There was no going back to 21st century lives each time the cameras stopped rolling. Oh, No! The pattern of their lives followed their historical counterparts twenty four seven.
The younger children from the upper class household had a full time Nanny, and their parents soon realised how at odds with present day family life this arrangement was, with only a couple of hours interaction per day between parent and child. Nanny was a substitute for both mother and father.
Father lead a somewhat lonely life of leisure, but Mother and eldest daughter, incarcerated at home, almost died of boredom - until they discovered the delights of bicycling.
I think the two youngest of the middle class children were below school age, but they were the most traumatised to begin with, when their father suddenly turned into the strictest of ''My word is law, and children should be seen and not heard!' kind of parent.
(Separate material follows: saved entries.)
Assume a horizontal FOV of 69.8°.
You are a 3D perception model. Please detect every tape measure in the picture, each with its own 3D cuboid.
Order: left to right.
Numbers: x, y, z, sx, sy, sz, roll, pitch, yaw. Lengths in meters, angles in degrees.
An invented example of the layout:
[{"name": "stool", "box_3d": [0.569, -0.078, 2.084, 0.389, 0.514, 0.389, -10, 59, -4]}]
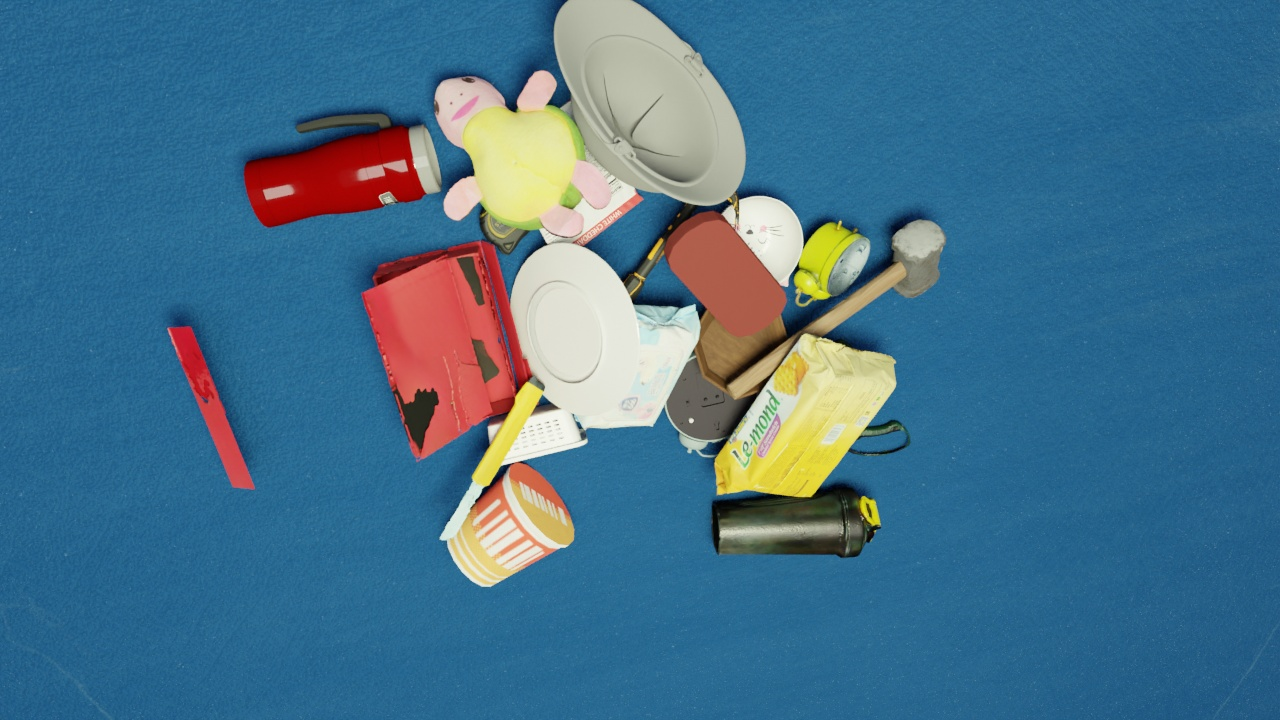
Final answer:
[{"name": "tape measure", "box_3d": [-0.161, -0.166, 1.094, 0.061, 0.034, 0.061, -47, 112, -5]}]

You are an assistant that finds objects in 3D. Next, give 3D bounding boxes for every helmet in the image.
[{"name": "helmet", "box_3d": [-0.011, -0.274, 1.042, 0.271, 0.118, 0.182, 44, 60, -16]}]

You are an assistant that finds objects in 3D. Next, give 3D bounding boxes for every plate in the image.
[{"name": "plate", "box_3d": [-0.085, -0.033, 1.080, 0.015, 0.209, 0.209, -20, 117, -48]}, {"name": "plate", "box_3d": [0.123, -0.019, 1.147, 0.131, 0.025, 0.131, 1, 85, -15]}]

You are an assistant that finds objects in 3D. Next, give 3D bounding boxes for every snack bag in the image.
[{"name": "snack bag", "box_3d": [-0.088, -0.210, 1.082, 0.130, 0.039, 0.144, -39, 104, -8]}, {"name": "snack bag", "box_3d": [0.209, 0.082, 1.150, 0.159, 0.068, 0.248, 8, 124, -38]}]

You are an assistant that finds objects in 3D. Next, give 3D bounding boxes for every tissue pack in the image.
[{"name": "tissue pack", "box_3d": [-0.007, 0.007, 1.116, 0.112, 0.070, 0.182, 3, 130, -30]}]

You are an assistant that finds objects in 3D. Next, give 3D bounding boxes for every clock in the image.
[{"name": "clock", "box_3d": [0.091, 0.053, 1.197, 0.122, 0.045, 0.159, -13, 110, -4]}, {"name": "clock", "box_3d": [0.233, -0.115, 1.139, 0.083, 0.057, 0.119, 10, 115, -58]}]

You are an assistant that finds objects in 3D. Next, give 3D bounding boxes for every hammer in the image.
[{"name": "hammer", "box_3d": [0.000, -0.100, 1.123, 0.123, 0.036, 0.321, 41, 105, 17]}, {"name": "hammer", "box_3d": [0.241, -0.055, 1.130, 0.328, 0.052, 0.098, -35, 151, -8]}]

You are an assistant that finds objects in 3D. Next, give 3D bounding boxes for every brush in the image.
[{"name": "brush", "box_3d": [0.098, -0.103, 1.075, 0.082, 0.041, 0.173, -37, 125, 13]}]

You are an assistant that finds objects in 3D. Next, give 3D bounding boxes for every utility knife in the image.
[{"name": "utility knife", "box_3d": [-0.179, 0.119, 1.107, 0.030, 0.019, 0.224, 33, 82, -33]}]

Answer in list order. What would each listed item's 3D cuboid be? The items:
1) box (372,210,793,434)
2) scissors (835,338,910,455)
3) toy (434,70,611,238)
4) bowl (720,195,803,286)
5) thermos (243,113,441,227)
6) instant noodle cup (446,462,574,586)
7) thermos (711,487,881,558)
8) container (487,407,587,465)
[{"name": "box", "box_3d": [-0.080, -0.035, 1.048, 0.479, 0.170, 0.214, 1, 113, 31]}, {"name": "scissors", "box_3d": [0.286, 0.082, 1.250, 0.204, 0.015, 0.202, 18, 106, -14]}, {"name": "toy", "box_3d": [-0.139, -0.226, 1.012, 0.238, 0.087, 0.190, 39, 105, 12]}, {"name": "bowl", "box_3d": [0.139, -0.148, 1.133, 0.114, 0.050, 0.115, -2, 107, -5]}, {"name": "thermos", "box_3d": [-0.333, -0.219, 1.030, 0.198, 0.084, 0.108, -12, 92, -2]}, {"name": "instant noodle cup", "box_3d": [-0.172, 0.217, 1.178, 0.121, 0.123, 0.123, -37, 109, 12]}, {"name": "thermos", "box_3d": [0.210, 0.223, 1.245, 0.221, 0.098, 0.098, -1, 108, -3]}, {"name": "container", "box_3d": [-0.136, 0.090, 1.160, 0.129, 0.080, 0.049, -13, 98, -4]}]

In fact, it was not long before he chose to ignore the given script, and cuddle his small son. Their teenage daughter was co-opted to the role of a virtual unpaid servant, there to assist Mother in the running of the home, while Father spent a long day working as a clerk in a local government office.
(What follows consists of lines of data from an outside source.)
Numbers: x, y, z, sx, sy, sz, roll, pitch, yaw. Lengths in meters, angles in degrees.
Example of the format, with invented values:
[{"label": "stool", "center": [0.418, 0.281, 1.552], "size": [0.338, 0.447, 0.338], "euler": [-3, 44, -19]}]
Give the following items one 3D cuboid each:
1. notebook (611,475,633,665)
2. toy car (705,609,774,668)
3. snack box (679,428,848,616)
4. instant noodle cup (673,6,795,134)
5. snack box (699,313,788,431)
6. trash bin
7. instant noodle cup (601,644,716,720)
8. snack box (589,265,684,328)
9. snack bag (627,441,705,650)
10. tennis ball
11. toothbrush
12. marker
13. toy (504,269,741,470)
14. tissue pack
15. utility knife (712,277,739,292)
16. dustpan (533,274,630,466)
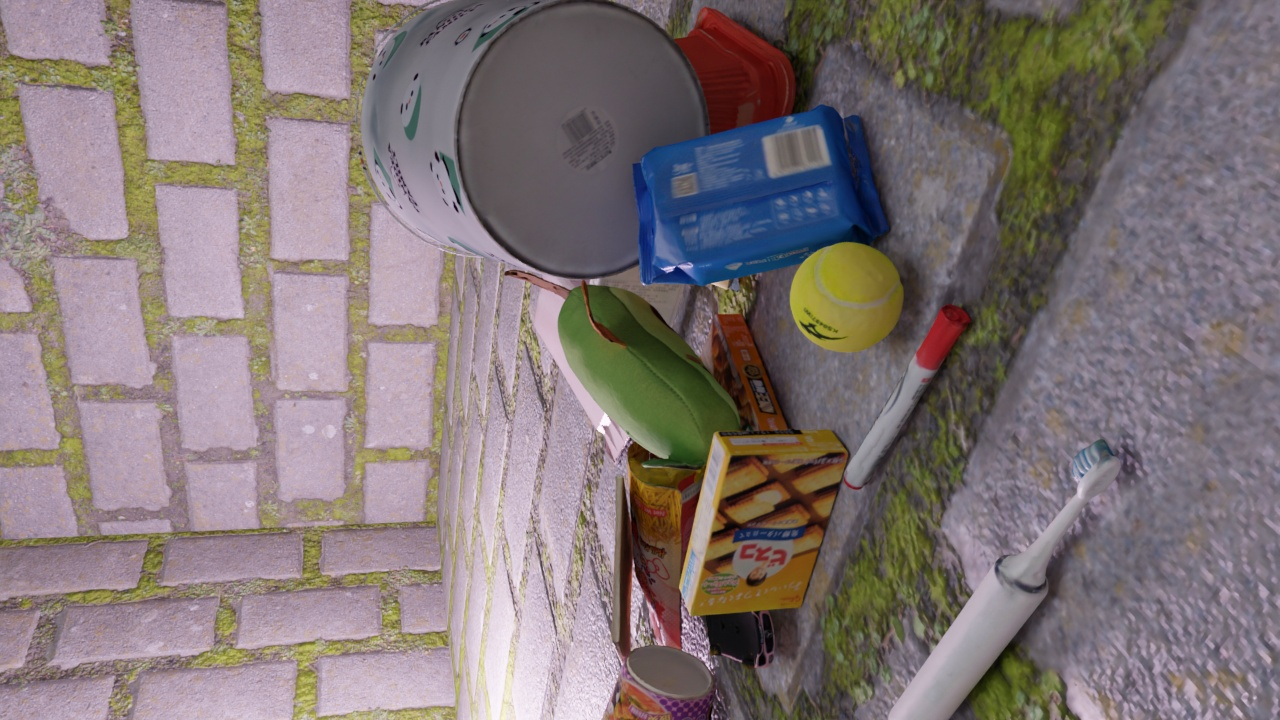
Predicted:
[{"label": "notebook", "center": [-0.015, 0.212, 0.875], "size": [0.208, 0.008, 0.147], "euler": [85, -175, -64]}, {"label": "toy car", "center": [0.079, 0.207, 0.717], "size": [0.122, 0.037, 0.056], "euler": [148, 116, -72]}, {"label": "snack box", "center": [0.082, 0.113, 0.631], "size": [0.033, 0.086, 0.141], "euler": [-115, 31, -55]}, {"label": "instant noodle cup", "center": [0.051, -0.188, 0.751], "size": [0.188, 0.079, 0.165], "euler": [-121, 32, -52]}, {"label": "snack box", "center": [0.081, 0.040, 0.734], "size": [0.075, 0.026, 0.153], "euler": [106, 157, -43]}, {"label": "trash bin", "center": [-0.084, -0.173, 0.711], "size": [0.252, 0.229, 0.230], "euler": [-148, 59, -60]}, {"label": "instant noodle cup", "center": [0.017, 0.318, 0.819], "size": [0.111, 0.111, 0.099], "euler": [-135, 58, -66]}, {"label": "snack box", "center": [-0.005, -0.064, 0.861], "size": [0.026, 0.084, 0.157], "euler": [-111, 29, -50]}, {"label": "snack bag", "center": [0.020, 0.175, 0.889], "size": [0.128, 0.073, 0.208], "euler": [-117, 25, -54]}, {"label": "tennis ball", "center": [0.122, -0.037, 0.543], "size": [0.065, 0.065, 0.065], "euler": [180, 91, -73]}, {"label": "toothbrush", "center": [0.172, 0.122, 0.446], "size": [0.026, 0.026, 0.222], "euler": [-102, 21, -49]}, {"label": "marker", "center": [0.151, 0.026, 0.533], "size": [0.146, 0.017, 0.017], "euler": [108, 156, -43]}, {"label": "toy", "center": [-0.004, 0.004, 0.735], "size": [0.246, 0.090, 0.227], "euler": [46, 180, 40]}, {"label": "tissue pack", "center": [0.071, -0.102, 0.590], "size": [0.052, 0.157, 0.095], "euler": [50, -149, -68]}, {"label": "utility knife", "center": [0.053, -0.086, 0.841], "size": [0.165, 0.018, 0.031], "euler": [-137, 45, -69]}, {"label": "dustpan", "center": [-0.024, -0.049, 1.076], "size": [0.273, 0.138, 0.223], "euler": [56, 156, 12]}]

But the unwary teenage daughters of the lowest class home had a rude awakening, when they realised they needed to work to supplement the family income, for their father had no permanent employment, but had to go out into the real world each day, to find any casual work he could. The eldest girl was taken on as a scullery maid in the 'rich' house two doors away, while her sister and their mother, took in washing to earn a few pennies.
Although this lowliest family of the group had the hardest task to survive on the pittance they earned, their teamwork served to give them a true, family spirit, and despite deprivation, it became clear they had the most rewarding emotional life.
Children from the other two classes would have been lucky, back in the day, if they managed to survive emotionally, with virtually no parental loving as we understand it today...
I can't wait to see next Tuesday's installment of the series.

Do you know? Harry & I really enjoyed that programme.
ReplyDeleteBBC1 does do some good drama.
Maggie X
Nuts in May
I'm sure this has been broadcast before. However, good television programmes always benefit from another airing.
ReplyDeleteNo, this is a new series. The last one, about two years ago, didn’t have the same class distinctions between ordinary families – it was all about shopkeepers!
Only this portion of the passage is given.